In order to make out the subsection 41(1) exclusion that there is some particular unfairness, embarrassment or hardship which would inure to a person by reason of the disclosure such matters if present would doubtless weigh in favour of exclusion but if the information disclosed were of no demonstrable relevance to the affairs of government and was likely to do no more than excite or satisfy the curiosity of people about the person whose personal affairs were disclosed I would think the disclosure would be unreasonable.

As was said also in re Williams v the Registrar of the Federal Court of Australia 8 ALD 219, a matter in which the Tribunal was constituted by Beaumont J, Senior Member McMahon as he then was, later Deputy President McMahon and Dr Renouf:

The question of reasonableness is to be determined by balancing several interests public and private involved.  This requires a consideration of all the circumstances including the nature of the information that would be disclosed, the circumstances in which the information was obtained, the likelihood of the information being information that the person concerned would not wish to have disclosed without consent and whether the information has any current relevance.

In this matter the persons concerned were applicants for position in the Public Service.  It was submitted by the respondent that in the present case the privacy of the individuals concerned should outweigh the general public interest in disclosure of public information particularly in relation to the nine applicants who were selected for interview but not ultimately appointed to the position.

The respondent has submitted that the personal information in such applications would have been perceived by the applicants to have been provided in confidence and the intrusion into their personal privacy on the basis that they have applied unsuccessfully for a position with a government agency is not warranted. With that submission we agree. We find nothing in the case of re Dyki v Federal Commissioner of Taxation 22 ALD 124 to the contrary.

The case of re Hutner v Department of Immigration and Ethnic Affairs, 38 ALD 781, also depends particularly on its own peculiar factual matrix. There the applications had been for membership of the Refugee Review Tribunal, a quasi judicial body, and it was held that the successful applicants had entered the public domain and their qualifications and experience should not be kept confidential. We note of course that the decision relates to the successful applicants. We consider that quite different circumstances apply in the case of unsuccessful applicants and we do not agree with the submission by the applicant that simply because a person has been selected for interview they have somehow entered into the public domain.

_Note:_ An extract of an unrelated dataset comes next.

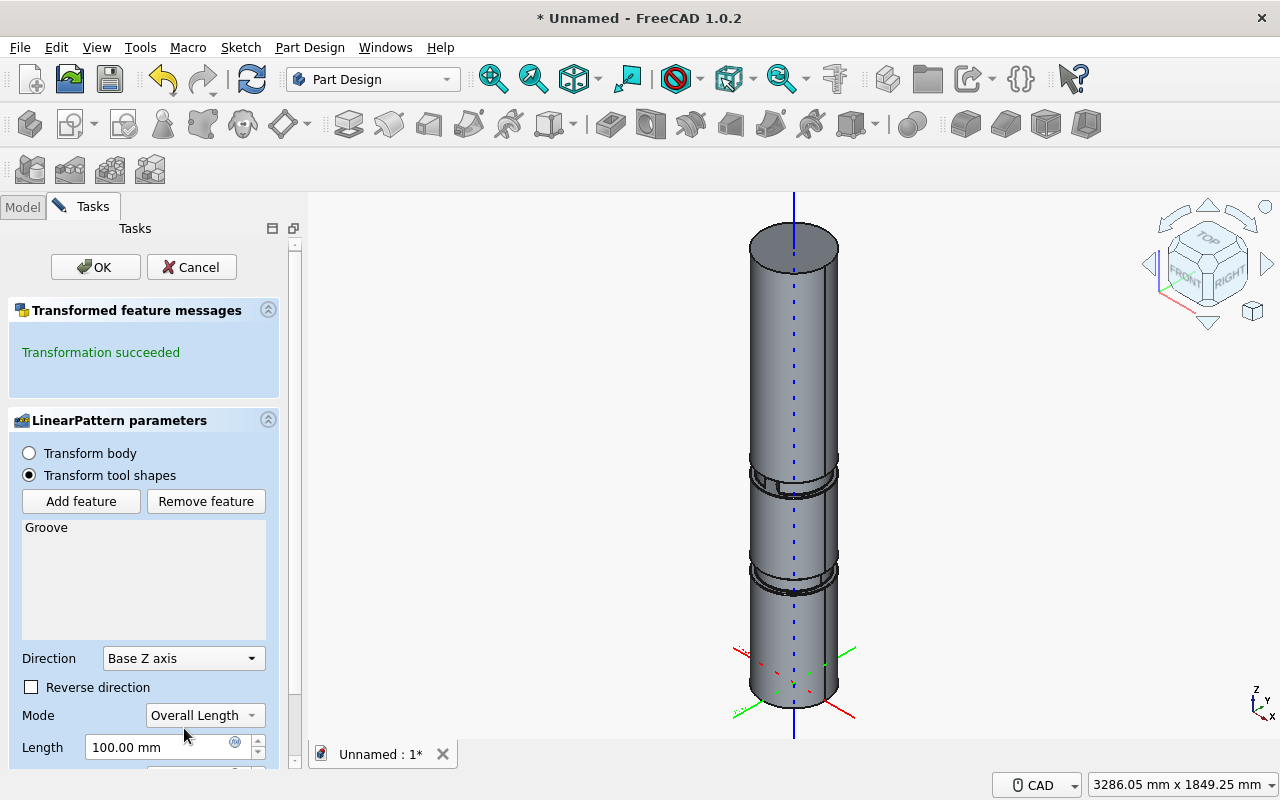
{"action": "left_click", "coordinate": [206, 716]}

Indeed, that they have been selected for interview and unsuccessful is probably a stronger reason for protecting their anonymity.  One might imagine too in this day and age particularly a person would not wish the public at large indeed with particularity his current employer to find out that he had been actively applying for other positions.

There is also the situation that the applicant may have remedies in another area as was pointed out in re Wiseman Supra, release under FOI is release against the whole world.  Whereas, if release is obtained in legal proceedings then the particular Court or other curial body has the power to control the release of the information to the parties appearing before it.

The exception to all this, it strikes us, is to the successful applicant.  Normally one might have expected that a successful applicant to the particular position would have had that notified in the Commonwealth Government Gazette but we were informed that this was not the case here.  Such details as to successful applicants have in the past been released, see, for example, re Raisanen v Special Broadcasting Services Corporation, unreported AAT decision N94/347 and also re Dyki Supa.

That is not to say that everything should be available but subject to what the respondent wishes to say if anything we would order that the name of the successful applicant and his qualifications be released otherwise however we affirm the decision not to disclose any other item of information.

RECORDED   :   NOT TRANSCRIBED

MR ALLEN:   That will be the order of the Tribunal.